Is it fair that when a Trustee in bankruptcy sells the property of a bankrupt, it is the bankrupt who bears the liability for capital gains, even though the bankrupt may receive no proceeds at all from the sale?

In a recent articleby Michael Murray it was stated that the Australian Restructuring Insolvency & Turnaround Association (" ARITA") was awaiting clarification on the ATO's view that CGT liability for assets sales in corporate insolvency falls on the practitioner,whereas the ATO takes a different view in personal insolvency.

To summarise the issue, when a trustee sells an asset that results in a CGT liability, that liability remains with the bankrupt personally, and not with the trustee. This has been the view in the past and is supported by s 106-30 of the ITAA 1997 which provides an example, stating that "A CGT asset of an individual vests in a trustee because of the bankruptcy of the individual. No CGT event happens as a result of the vesting. The trustee later sells the CGT asset. Any capital gain or loss is made by the individual, not the trustee."

The ATO appears to take the view that the liability for CGT on any capital gain made on the sale by the trustee is borne by the bankrupt, not the trustee, in the year of income in which the disposal occurs.

While ARITA offers no view on the correctness of these views or on its fairness to the former bankrupt, we are of the view that this approach is patently unfair to the bankrupt.
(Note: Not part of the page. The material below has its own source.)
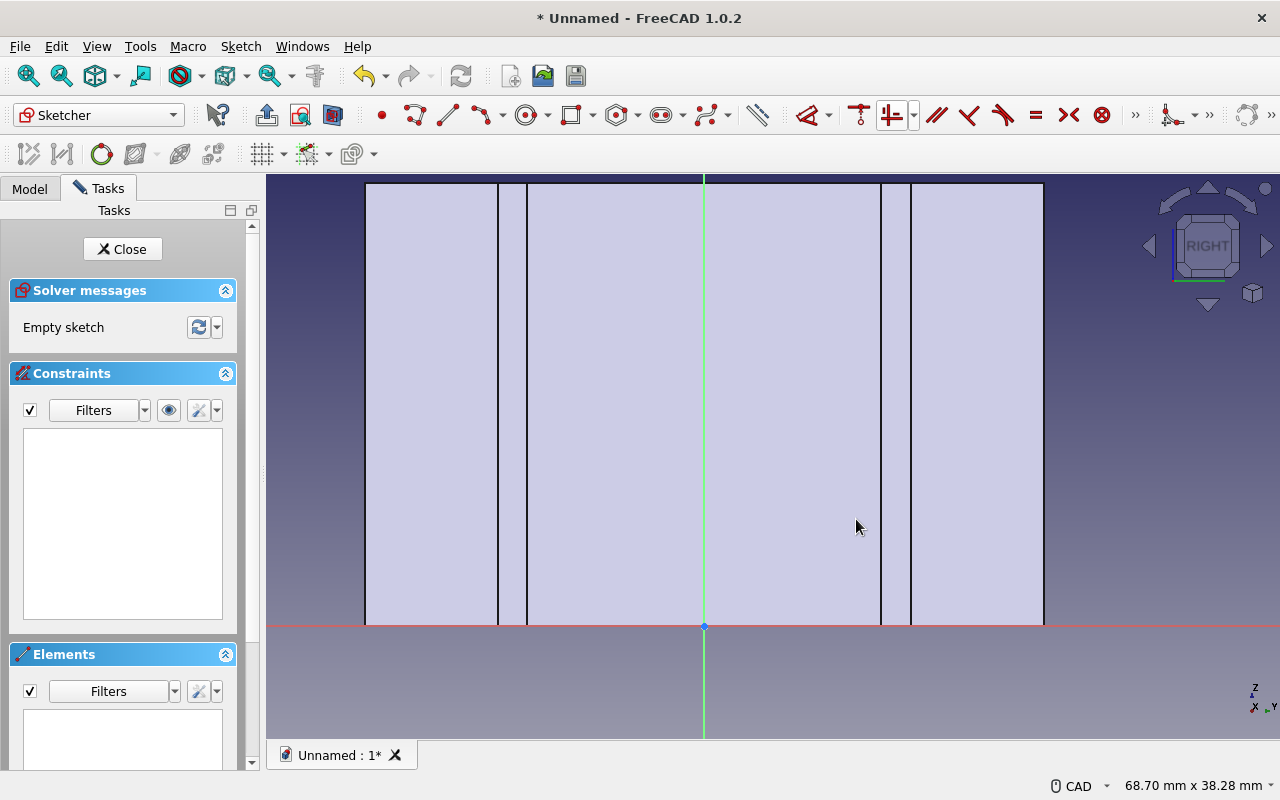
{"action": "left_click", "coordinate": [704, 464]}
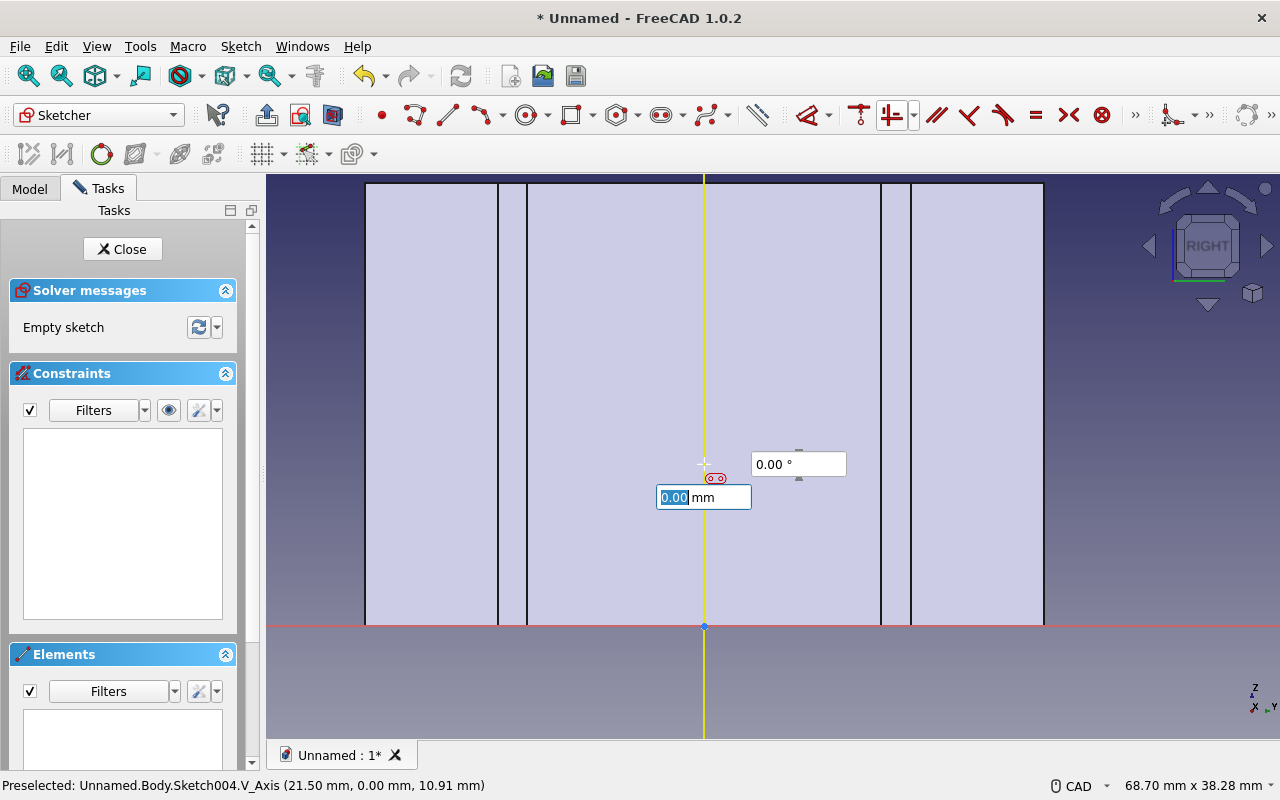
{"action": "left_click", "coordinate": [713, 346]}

The asset vests in the Trustee and the bankrupt has no control over its sale. The bankrupt receives no proceeds from the sale, at least until the bankrupt's creditors have been satisfied in full, but bears the liability for the capital gain, if any. This liability takes effect from the date of the sale, and as it is a post-bankruptcy event, the liability survives the bankruptcy and has to be paid by a bankrupt who has no divisible assets or funds with which to do so. The outcome could result in a second bankruptcy, which benefits nobody.

In the corporate situation, s 106.35 of the ITAA 1997 is worded similarly as with bankruptcy, however, the difference here is that the company, which bears the liability, is still under the control of the liquidator. Accordingly, the liability for any capital gain, falls on the liquidator in that capacity. Thus, before the liquidator may distribute any funds to creditors, he first needs to satisfy the company's post-liquidation liability to the ATO, including the capital gain.

Interestingly, this may give rise to another issue. Picture a scenario where the mortgagee sells a property of the company in liquidation. No funds are available to the liquidator, but the company still has a liability for the capital gain.